When it’s lean and tight, it’s irresistible. “My Hair” builds on pinpoint playing from Gillingham with syncopated, swaggery punches of guitar and bass as Stanhope’s tight vocal glides over it all doling out the droll affirmative: “Like my hair to look this way / nothing wrong with my brain”. “City Boy”, which is dirtier, does something similar with brighter vibrance as the song jumps, switches and skips but the feel is constant. It’s this feel stewarded by Gillingham and Burns that allows them to go heavier, speed up tempos and helps the band push a maximalist attitude; convinced of having nothing to lose.

The only thing you could lose with Join Hands is a bit of patience. The band work to keep and mix in the ragged energy and edges bared on 2024’s Slap EP with a dance-floor sensibility. “This Life” builds a good momentum but takes a distorted up-tempo detour, swerving away from the groove the band was good with. The outro is a repeat of this but returns electrocuted with its hair on fire leaving you scratching your own head. Less a blend of two genres than a song with two bolted together. You can’t accuse them of being meagre; just that sometimes they do too much. “I Feel Severe” suffers from this — brash, loud and pounding with little of the dynamics the band show they’re adept at.

Showing a degree of self-awareness immediately after “I Feel Severe” is the elegant “Bubbles”, a lament laden with sampled Bollywood strings. Though in the middle it’s spliced with a funked-up groove where the strings were leading wonderful by themselves. Closer “Hollywood Swingers” is another meld where Stanhope pirouettes on a twirling beat surrounded by a cascade of distorted and twinkling guitar lines before the strange harmonies give way to an alienating submerged and thumping left-turn in the middle. Mercifully a reprieve of that beautiful chorus returns before it (deservedly this time) blows out again. These two tracks illustrate an undeniable ingenuity when you hear them, it also reveals an anxiety to often tie their great ideas with others that don’t mutually benefit them. For what ends is unclear.

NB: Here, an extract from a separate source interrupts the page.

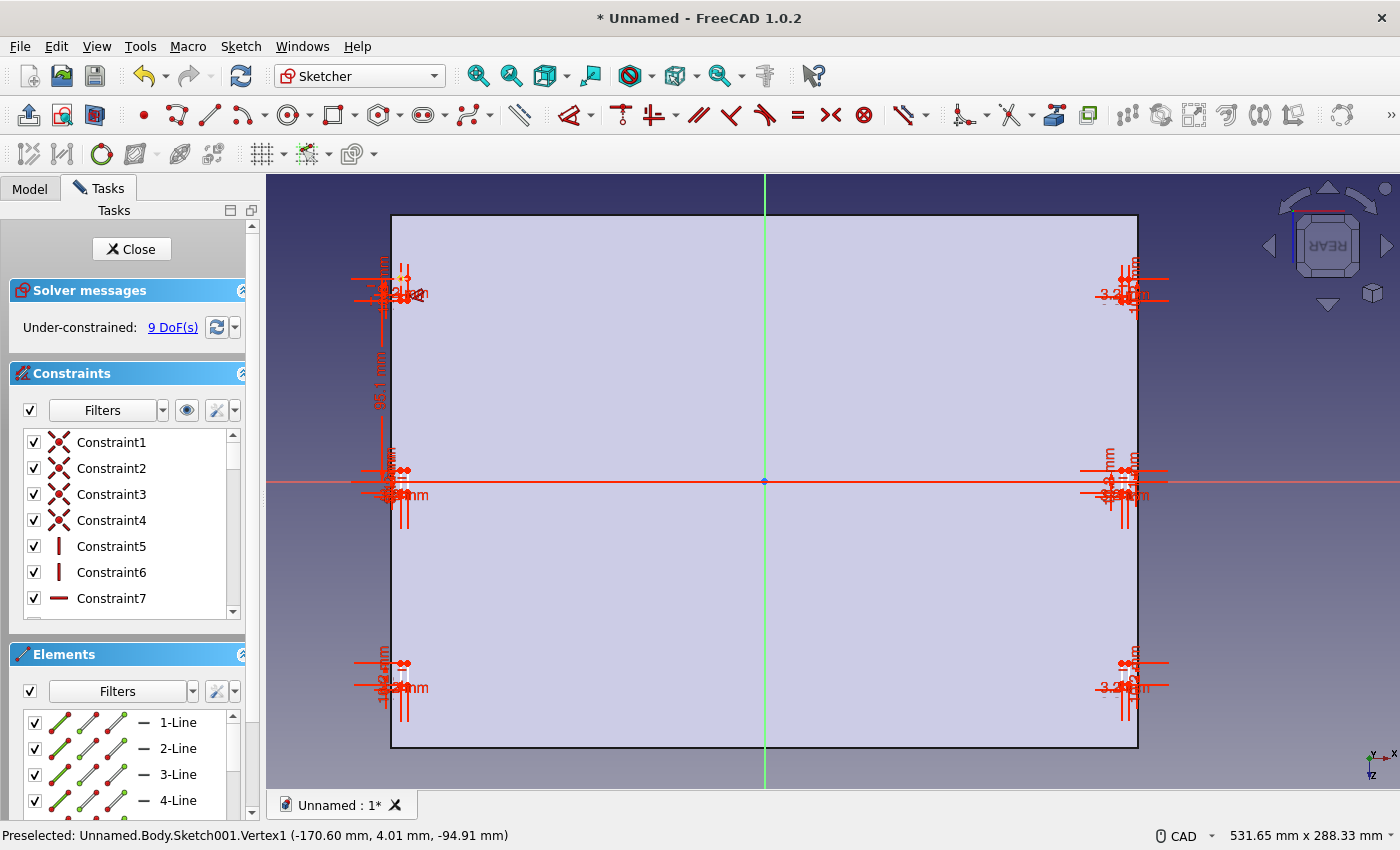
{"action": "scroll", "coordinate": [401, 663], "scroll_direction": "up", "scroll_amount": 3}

The creative choices to splice, juxtapose and mess with the song structures that don’t work are conscious ones driven by the same tenacity that shapes the best songs of Join Hands, so the band is not misguided in trying them – overexcited would be more accurate. Marco Pierre White said of young chefs: “When they’re young, they tend to overwork it. They’re given all this information, all this knowledge, all this skill and they feel they have to use it.” This sums it up well. congratulations are a bright band; let’s hope they don’t prevent themselves from becoming a great one.